Зарыхта интересовался судьбой Болека и знал о нем почти все — благодаря Ванде, которая, как и Янек, дружила с молодым Барыцким с детства. Поэтому был наслышан не только о перипетиях, связанных с нелегкой защитой его кандидатской диссертации, но и никому, кроме семьи, не известном эпизоде из биографии этого очкарика, не очень-то приятного в общежитии. Когда Болек оказался на стажировке в Швейцарии, ему навязался в друзья некий странноватый тип, тоже страстный альпинист. Все было «о’кей» вплоть до того дня, когда этот молодой человек из-за океана предложил Барыцкому работу в известном концерне, причем на фантастически выгодных условиях.
Болек деликатно отшил псевдодруга, не теряя — благодаря своей практической жилке — реалистического взгляда на это предложение. Ванда видела письмо, в котором ему предлагалось место и уточнялись условия.
— Соблазн был велик, — рассказывала она тогда отцу. — Но Болек утверждает, что речь шла скорее о его фамилии, нежели о квалификации. Так он утверждает. Но, может, это только его комплекс.
С минуту помолчали.
— А Янек… — вздохнул Зарыхта.
Услыхав имя брата, Ванда вспыхнула, она все еще не простила его.
— Для Янека родина там, где ему лучше. Эдакая своеобразная мораль.
— Думаешь, что ему там хорошо? — поморщился Зарыхта.

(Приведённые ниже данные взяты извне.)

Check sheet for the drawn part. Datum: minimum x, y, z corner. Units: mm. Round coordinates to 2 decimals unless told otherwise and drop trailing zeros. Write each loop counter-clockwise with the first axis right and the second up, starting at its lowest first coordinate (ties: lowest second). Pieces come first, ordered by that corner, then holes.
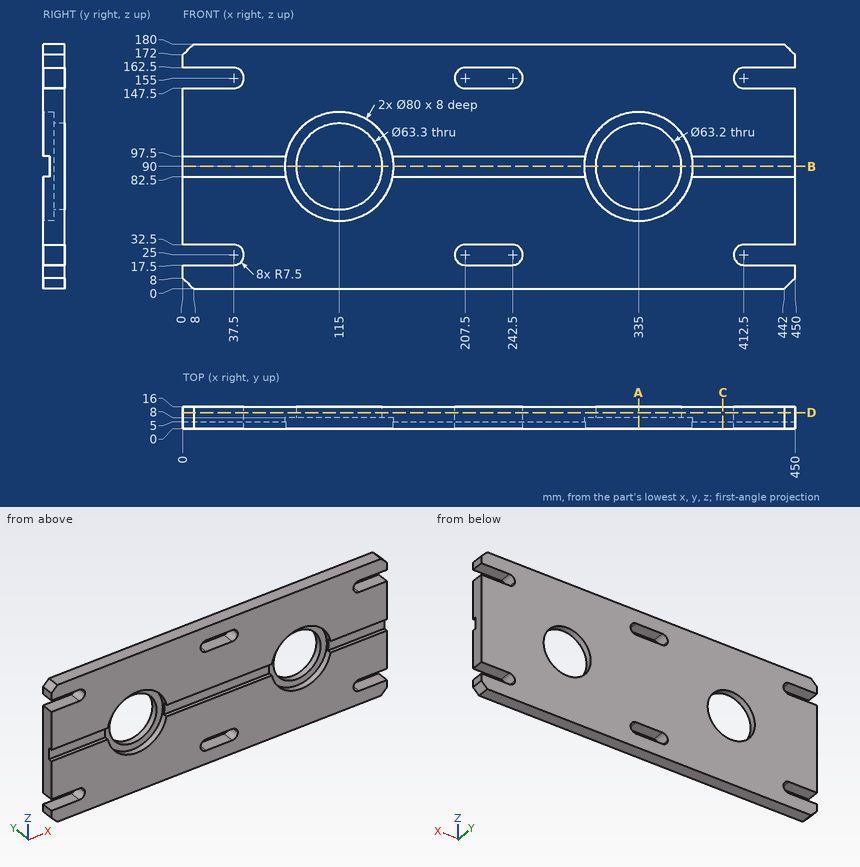
Q1. Material ranges on line 1 along Z through (x, y) = (415.5, 11); line 2 along Z through (x, y) = (115, 11); line 3 along Z through (x, y) = (335, 2), recorded low to high.
Recorded:
line 1: z = 0 to 17.5, 32.5 to 147.5, 162.5 to 180
line 2: z = 0 to 58.35, 121.65 to 180
line 3: z = 0 to 50, 130 to 180
Q2. Sectioned sample at B-B (z = 90). Enter the section's corners in (x, y).
Recorded:
outline: (0, 5) - (75, 5) - (75, 8) - (83.35, 8) - (83.35, 16) - (0, 16) - close; (146.65, 8) - (155, 8) - (155, 5) - (295, 5) - (295, 8) - (303.4, 8) - (303.4, 16) - (146.65, 16) - close; (366.6, 8) - (375, 8) - (375, 5) - (450, 5) - (450, 16) - (366.6, 16) - close
Q3. Sectioned sample at A-A (x = 335). Enter the section's corners in (y, z).
Recorded:
outline: (0, 0) - (16, 0) - (16, 58.4) - (8, 58.4) - (8, 50) - (0, 50) - close; (0, 130) - (8, 130) - (8, 121.6) - (16, 121.6) - (16, 180) - (0, 180) - close
Q4. Depth check by flat-ended pin: P1, Ø7.5, axis at x = 239.5, z = 87.5, coming from the -Y side; P2, Ø1.5, axis at y = 11, z = 151, coming from the +X side. Enter the tip coordinate at first touch or a pass-through.
Recorded:
P1: stops at y = 5
P2: stops at x = 406.7
Q5. Sectioned sample at D-D (y = 11.75). Give the number of separate pieces and of enclosed holes in the cut face, plus the area to 3 significant figures.
Recorded:
separate pieces: 1
enclosed holes: 4
area: 70,600 mm2
Q6. Sectioned sample at C-C (x = 397). Enter the section's corners in (y, z).
Recorded:
outline: (0, 0) - (16, 0) - (16, 180) - (0, 180) - (0, 97.5) - (5, 97.5) - (5, 82.5) - (0, 82.5) - close

Можно было, конечно, проводить аналогии: мы потеряли Янека, Барыцкий потерял Болека. Но у тех конфликт обыкновенный, житейский, поправимый, — так думает теперь Зарыхта. И вдобавок чувство стыда. Досадно признаться самому себе, что известие о том, якобы у Барыцкого испортились отношения с сыном, доставило Зарыхте почти удовлетворение. Значит, не только я…
— Это нормально, — преуменьшала Ханна. — Молодой мужчина созревает, бунтуя против отца.
— Я, вероятно, был ненормальный…
— Ты в его возрасте бунтовал иначе. Что же касается Янека, то, знаешь ли, было бы лучше, если бы он получил зарубежную командировку. Некоторое время поживет вдали от нас. Вдали от Польши. Соскучится…
И он помог Янеку выхлопотать эту командировку.
Зарыхта вздыхает и возвращается к мыслям о Барыцком. Во всей их совместной послевоенной истории лишь однажды Барыцкий был на щите. Лишь однажды пришлось его выручать. Зарыхта пережил как раз свой политический триумф: год назад вышел из тюрьмы, реабилитированный, окруженный всеобщим восхищением. Говорили так, чтобы доходило до его ушей: ну и характер у мужика! Он был теперь новым великим человеком, обрел силу, жил так, словно жить предстояло сто лет, и, по своему обыкновению, упивался работой.
Как-то в здании Центрального Комитета Кароль увидал знакомую фигуру. Это был Барыцкий. Он шел согбенный, не отрывая взгляда от красного половика.
Там, в этом коридоре, со скрипящим половиком из копры под ногами, и осенью за стеклянной стеной, именно там решилась их судьба.
Барыцкий разминулся с ним, не узнал его, погруженный в свои мысли, Зарыхте пришлось окликнуть его:
— Янек! Погоди! — Тот остановился. Поздоровались без особой сердечности, и Зарыхта тут же догадался, что у Барыцкого неприятности.
Это был критический момент: все могло кончиться обменом репликами. Обернуться еще одной слинявшей экс-дружбой.
— Как дела? — спросил Зарыхта.
— Так себе. А что у вас?
— По-старому. Ты в Варшаве? Я потерял тебя из виду.
— Да, — сказал Барыцкий.
Постояли молча. Зарыхта всматривался в столь хорошо знакомое лицо. Ханна о Барыцком говорила плохо: изворотливый, карьерист, человек, не заслуживающий доверия. С годами мнение это становилось все резче и однозначней. После ареста Кароля Барыцкий не подавал признаков жизни. Боялся, — так утверждала Ханна. — Поэтому избегал твоего дома. Отплатил тебе за твою дружбу. Так ли было действительно? — думал Зарыхта. — Можно ли вообще отплатить за дружбу? И неужели страх имеет такую власть над людьми?